══ MATERIAL TO PROCESS

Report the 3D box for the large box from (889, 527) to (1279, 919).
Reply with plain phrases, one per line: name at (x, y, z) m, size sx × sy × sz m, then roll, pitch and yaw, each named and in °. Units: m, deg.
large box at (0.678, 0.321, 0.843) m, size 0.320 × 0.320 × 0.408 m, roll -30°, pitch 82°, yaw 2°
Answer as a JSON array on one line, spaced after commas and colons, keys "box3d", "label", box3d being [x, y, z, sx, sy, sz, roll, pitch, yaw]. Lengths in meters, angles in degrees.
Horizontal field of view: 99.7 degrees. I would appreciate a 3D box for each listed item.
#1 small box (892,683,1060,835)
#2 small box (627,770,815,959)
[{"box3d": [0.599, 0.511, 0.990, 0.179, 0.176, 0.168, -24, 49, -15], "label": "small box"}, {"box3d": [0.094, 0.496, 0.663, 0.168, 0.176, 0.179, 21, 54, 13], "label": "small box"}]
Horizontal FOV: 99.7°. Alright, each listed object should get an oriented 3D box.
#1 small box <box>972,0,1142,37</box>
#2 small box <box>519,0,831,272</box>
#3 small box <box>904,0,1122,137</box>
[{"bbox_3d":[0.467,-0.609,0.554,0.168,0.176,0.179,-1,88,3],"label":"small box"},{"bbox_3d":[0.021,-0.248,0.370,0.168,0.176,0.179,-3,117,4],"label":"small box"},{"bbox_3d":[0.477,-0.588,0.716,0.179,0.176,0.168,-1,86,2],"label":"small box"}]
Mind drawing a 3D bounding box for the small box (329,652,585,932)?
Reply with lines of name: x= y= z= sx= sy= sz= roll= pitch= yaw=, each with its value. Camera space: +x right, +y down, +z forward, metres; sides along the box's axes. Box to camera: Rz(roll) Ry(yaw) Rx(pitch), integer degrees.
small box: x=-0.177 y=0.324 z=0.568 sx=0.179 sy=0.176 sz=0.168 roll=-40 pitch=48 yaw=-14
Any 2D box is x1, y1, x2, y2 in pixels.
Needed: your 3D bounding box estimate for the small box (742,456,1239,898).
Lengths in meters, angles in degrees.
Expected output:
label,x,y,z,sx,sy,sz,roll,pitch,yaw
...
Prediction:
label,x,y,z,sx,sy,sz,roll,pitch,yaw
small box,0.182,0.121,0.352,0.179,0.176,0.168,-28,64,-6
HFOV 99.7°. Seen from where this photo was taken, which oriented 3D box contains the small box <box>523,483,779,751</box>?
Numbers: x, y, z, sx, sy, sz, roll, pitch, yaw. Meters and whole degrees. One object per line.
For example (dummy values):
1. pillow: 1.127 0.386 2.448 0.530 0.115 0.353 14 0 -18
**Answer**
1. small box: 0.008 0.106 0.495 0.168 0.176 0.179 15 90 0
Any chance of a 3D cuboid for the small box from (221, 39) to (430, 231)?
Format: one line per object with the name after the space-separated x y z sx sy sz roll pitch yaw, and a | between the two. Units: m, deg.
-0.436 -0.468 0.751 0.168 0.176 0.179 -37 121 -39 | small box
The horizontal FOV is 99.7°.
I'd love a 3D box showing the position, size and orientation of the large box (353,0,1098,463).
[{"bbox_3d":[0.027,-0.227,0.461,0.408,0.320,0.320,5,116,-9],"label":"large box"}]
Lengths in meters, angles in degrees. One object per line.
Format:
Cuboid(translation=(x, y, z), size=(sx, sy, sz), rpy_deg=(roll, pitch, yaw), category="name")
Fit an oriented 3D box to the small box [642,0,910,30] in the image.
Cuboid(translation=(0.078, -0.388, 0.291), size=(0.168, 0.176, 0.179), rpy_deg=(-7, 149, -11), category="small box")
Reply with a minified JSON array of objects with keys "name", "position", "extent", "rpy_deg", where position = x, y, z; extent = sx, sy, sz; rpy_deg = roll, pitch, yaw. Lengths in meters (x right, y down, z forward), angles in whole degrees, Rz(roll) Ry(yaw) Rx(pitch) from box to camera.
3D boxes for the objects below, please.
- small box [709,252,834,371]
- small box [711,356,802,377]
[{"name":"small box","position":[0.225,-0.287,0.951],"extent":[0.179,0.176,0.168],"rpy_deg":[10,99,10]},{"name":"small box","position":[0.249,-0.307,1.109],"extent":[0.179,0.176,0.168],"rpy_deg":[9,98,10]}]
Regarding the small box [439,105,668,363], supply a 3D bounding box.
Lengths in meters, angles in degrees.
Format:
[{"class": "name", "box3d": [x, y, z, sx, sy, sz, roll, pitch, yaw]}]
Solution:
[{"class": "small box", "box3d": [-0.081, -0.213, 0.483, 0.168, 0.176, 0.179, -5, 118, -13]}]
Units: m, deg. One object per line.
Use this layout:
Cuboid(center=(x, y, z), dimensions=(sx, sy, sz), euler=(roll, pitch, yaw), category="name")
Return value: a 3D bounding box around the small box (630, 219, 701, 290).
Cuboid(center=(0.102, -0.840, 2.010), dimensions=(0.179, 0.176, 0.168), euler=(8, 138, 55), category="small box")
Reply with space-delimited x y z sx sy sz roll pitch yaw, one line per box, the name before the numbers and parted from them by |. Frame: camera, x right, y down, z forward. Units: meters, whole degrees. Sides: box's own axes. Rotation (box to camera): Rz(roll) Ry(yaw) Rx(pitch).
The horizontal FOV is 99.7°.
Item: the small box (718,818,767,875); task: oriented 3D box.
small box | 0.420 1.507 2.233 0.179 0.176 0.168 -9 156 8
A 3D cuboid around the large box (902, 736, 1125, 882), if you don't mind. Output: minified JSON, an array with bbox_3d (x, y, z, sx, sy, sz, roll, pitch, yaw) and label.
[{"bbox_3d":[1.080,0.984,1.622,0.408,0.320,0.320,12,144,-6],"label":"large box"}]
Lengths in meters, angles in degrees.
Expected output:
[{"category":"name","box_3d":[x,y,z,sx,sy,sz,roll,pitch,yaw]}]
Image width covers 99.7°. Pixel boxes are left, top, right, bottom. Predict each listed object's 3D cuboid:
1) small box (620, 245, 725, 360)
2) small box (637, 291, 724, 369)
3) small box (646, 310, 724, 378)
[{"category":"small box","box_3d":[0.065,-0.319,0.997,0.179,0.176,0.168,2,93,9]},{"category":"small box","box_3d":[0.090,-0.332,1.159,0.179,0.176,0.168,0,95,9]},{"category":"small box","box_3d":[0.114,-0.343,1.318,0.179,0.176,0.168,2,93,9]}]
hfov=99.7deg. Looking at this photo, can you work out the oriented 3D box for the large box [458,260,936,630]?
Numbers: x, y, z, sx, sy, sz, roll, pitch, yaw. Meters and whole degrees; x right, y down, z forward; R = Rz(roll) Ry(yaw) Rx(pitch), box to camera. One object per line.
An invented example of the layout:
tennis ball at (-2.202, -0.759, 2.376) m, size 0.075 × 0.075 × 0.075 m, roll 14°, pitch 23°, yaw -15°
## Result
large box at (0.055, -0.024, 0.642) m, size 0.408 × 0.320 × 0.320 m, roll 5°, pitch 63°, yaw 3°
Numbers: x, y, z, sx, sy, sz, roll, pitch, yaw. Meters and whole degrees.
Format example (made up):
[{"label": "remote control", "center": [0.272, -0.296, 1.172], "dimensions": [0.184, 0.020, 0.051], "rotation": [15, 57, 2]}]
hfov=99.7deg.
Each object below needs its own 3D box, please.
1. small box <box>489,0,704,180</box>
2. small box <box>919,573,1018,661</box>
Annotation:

════

• **TASK DESCRIPTION**
Transcribe, exactly and completely, all of the entries.

• **ANSWER TO THIS TASK**
Report the 3D box for the large box from (889, 527) to (1279, 919).
Reply with plain phrases, one per line: name at (x, y, z) m, size sx × sy × sz m, then roll, pitch and yaw, each named and in °. Units: m, deg.
large box at (0.678, 0.321, 0.843) m, size 0.320 × 0.320 × 0.408 m, roll -30°, pitch 82°, yaw 2°
Answer as a JSON array on one line, spaced after commas and colons, keys "box3d", "label", box3d being [x, y, z, sx, sy, sz, roll, pitch, yaw]. Lengths in meters, angles in degrees.
Horizontal field of view: 99.7 degrees. I would appreciate a 3D box for each listed item.
#1 small box (892,683,1060,835)
#2 small box (627,770,815,959)
[{"box3d": [0.599, 0.511, 0.990, 0.179, 0.176, 0.168, -24, 49, -15], "label": "small box"}, {"box3d": [0.094, 0.496, 0.663, 0.168, 0.176, 0.179, 21, 54, 13], "label": "small box"}]
Horizontal FOV: 99.7°. Alright, each listed object should get an oriented 3D box.
#1 small box <box>972,0,1142,37</box>
#2 small box <box>519,0,831,272</box>
#3 small box <box>904,0,1122,137</box>
[{"bbox_3d":[0.467,-0.609,0.554,0.168,0.176,0.179,-1,88,3],"label":"small box"},{"bbox_3d":[0.021,-0.248,0.370,0.168,0.176,0.179,-3,117,4],"label":"small box"},{"bbox_3d":[0.477,-0.588,0.716,0.179,0.176,0.168,-1,86,2],"label":"small box"}]
Mind drawing a 3D bounding box for the small box (329,652,585,932)?
Reply with lines of name: x= y= z= sx= sy= sz= roll= pitch= yaw=, each with its value. Camera space: +x right, +y down, +z forward, metres; sides along the box's axes. Box to camera: Rz(roll) Ry(yaw) Rx(pitch), integer degrees.
small box: x=-0.177 y=0.324 z=0.568 sx=0.179 sy=0.176 sz=0.168 roll=-40 pitch=48 yaw=-14
Any 2D box is x1, y1, x2, y2 in pixels.
Needed: your 3D bounding box estimate for the small box (742,456,1239,898).
Lengths in meters, angles in degrees.
Expected output:
label,x,y,z,sx,sy,sz,roll,pitch,yaw
...
Prediction:
label,x,y,z,sx,sy,sz,roll,pitch,yaw
small box,0.182,0.121,0.352,0.179,0.176,0.168,-28,64,-6
HFOV 99.7°. Seen from where this photo was taken, which oriented 3D box contains the small box <box>523,483,779,751</box>?
Numbers: x, y, z, sx, sy, sz, roll, pitch, yaw. Meters and whole degrees. One object per line.
For example (dummy values):
1. pillow: 1.127 0.386 2.448 0.530 0.115 0.353 14 0 -18
**Answer**
1. small box: 0.008 0.106 0.495 0.168 0.176 0.179 15 90 0
Any chance of a 3D cuboid for the small box from (221, 39) to (430, 231)?
Format: one line per object with the name after the space-separated x y z sx sy sz roll pitch yaw, and a | between the two. Units: m, deg.
-0.436 -0.468 0.751 0.168 0.176 0.179 -37 121 -39 | small box
The horizontal FOV is 99.7°.
I'd love a 3D box showing the position, size and orientation of the large box (353,0,1098,463).
[{"bbox_3d":[0.027,-0.227,0.461,0.408,0.320,0.320,5,116,-9],"label":"large box"}]
Lengths in meters, angles in degrees. One object per line.
Format:
Cuboid(translation=(x, y, z), size=(sx, sy, sz), rpy_deg=(roll, pitch, yaw), category="name")
Fit an oriented 3D box to the small box [642,0,910,30] in the image.
Cuboid(translation=(0.078, -0.388, 0.291), size=(0.168, 0.176, 0.179), rpy_deg=(-7, 149, -11), category="small box")
Reply with a minified JSON array of objects with keys "name", "position", "extent", "rpy_deg", where position = x, y, z; extent = sx, sy, sz; rpy_deg = roll, pitch, yaw. Lengths in meters (x right, y down, z forward), angles in whole degrees, Rz(roll) Ry(yaw) Rx(pitch) from box to camera.
3D boxes for the objects below, please.
- small box [709,252,834,371]
- small box [711,356,802,377]
[{"name":"small box","position":[0.225,-0.287,0.951],"extent":[0.179,0.176,0.168],"rpy_deg":[10,99,10]},{"name":"small box","position":[0.249,-0.307,1.109],"extent":[0.179,0.176,0.168],"rpy_deg":[9,98,10]}]
Regarding the small box [439,105,668,363], supply a 3D bounding box.
Lengths in meters, angles in degrees.
Format:
[{"class": "name", "box3d": [x, y, z, sx, sy, sz, roll, pitch, yaw]}]
Solution:
[{"class": "small box", "box3d": [-0.081, -0.213, 0.483, 0.168, 0.176, 0.179, -5, 118, -13]}]
Units: m, deg. One object per line.
Use this layout:
Cuboid(center=(x, y, z), dimensions=(sx, sy, sz), euler=(roll, pitch, yaw), category="name")
Return value: a 3D bounding box around the small box (630, 219, 701, 290).
Cuboid(center=(0.102, -0.840, 2.010), dimensions=(0.179, 0.176, 0.168), euler=(8, 138, 55), category="small box")
Reply with space-delimited x y z sx sy sz roll pitch yaw, one line per box, the name before the numbers and parted from them by |. Frame: camera, x right, y down, z forward. Units: meters, whole degrees. Sides: box's own axes. Rotation (box to camera): Rz(roll) Ry(yaw) Rx(pitch).
The horizontal FOV is 99.7°.
Item: the small box (718,818,767,875); task: oriented 3D box.
small box | 0.420 1.507 2.233 0.179 0.176 0.168 -9 156 8
A 3D cuboid around the large box (902, 736, 1125, 882), if you don't mind. Output: minified JSON, an array with bbox_3d (x, y, z, sx, sy, sz, roll, pitch, yaw) and label.
[{"bbox_3d":[1.080,0.984,1.622,0.408,0.320,0.320,12,144,-6],"label":"large box"}]
Lengths in meters, angles in degrees.
Expected output:
[{"category":"name","box_3d":[x,y,z,sx,sy,sz,roll,pitch,yaw]}]
Image width covers 99.7°. Pixel boxes are left, top, right, bottom. Predict each listed object's 3D cuboid:
1) small box (620, 245, 725, 360)
2) small box (637, 291, 724, 369)
3) small box (646, 310, 724, 378)
[{"category":"small box","box_3d":[0.065,-0.319,0.997,0.179,0.176,0.168,2,93,9]},{"category":"small box","box_3d":[0.090,-0.332,1.159,0.179,0.176,0.168,0,95,9]},{"category":"small box","box_3d":[0.114,-0.343,1.318,0.179,0.176,0.168,2,93,9]}]
hfov=99.7deg. Looking at this photo, can you work out the oriented 3D box for the large box [458,260,936,630]?
Numbers: x, y, z, sx, sy, sz, roll, pitch, yaw. Meters and whole degrees; x right, y down, z forward; R = Rz(roll) Ry(yaw) Rx(pitch), box to camera. One object per line.
An invented example of the layout:
tennis ball at (-2.202, -0.759, 2.376) m, size 0.075 × 0.075 × 0.075 m, roll 14°, pitch 23°, yaw -15°
## Result
large box at (0.055, -0.024, 0.642) m, size 0.408 × 0.320 × 0.320 m, roll 5°, pitch 63°, yaw 3°
Numbers: x, y, z, sx, sy, sz, roll, pitch, yaw. Meters and whole degrees.
Format example (made up):
[{"label": "remote control", "center": [0.272, -0.296, 1.172], "dimensions": [0.184, 0.020, 0.051], "rotation": [15, 57, 2]}]
hfov=99.7deg.
Each object below needs its own 3D box, please.
1. small box <box>489,0,704,180</box>
2. small box <box>919,573,1018,661</box>
Annotation:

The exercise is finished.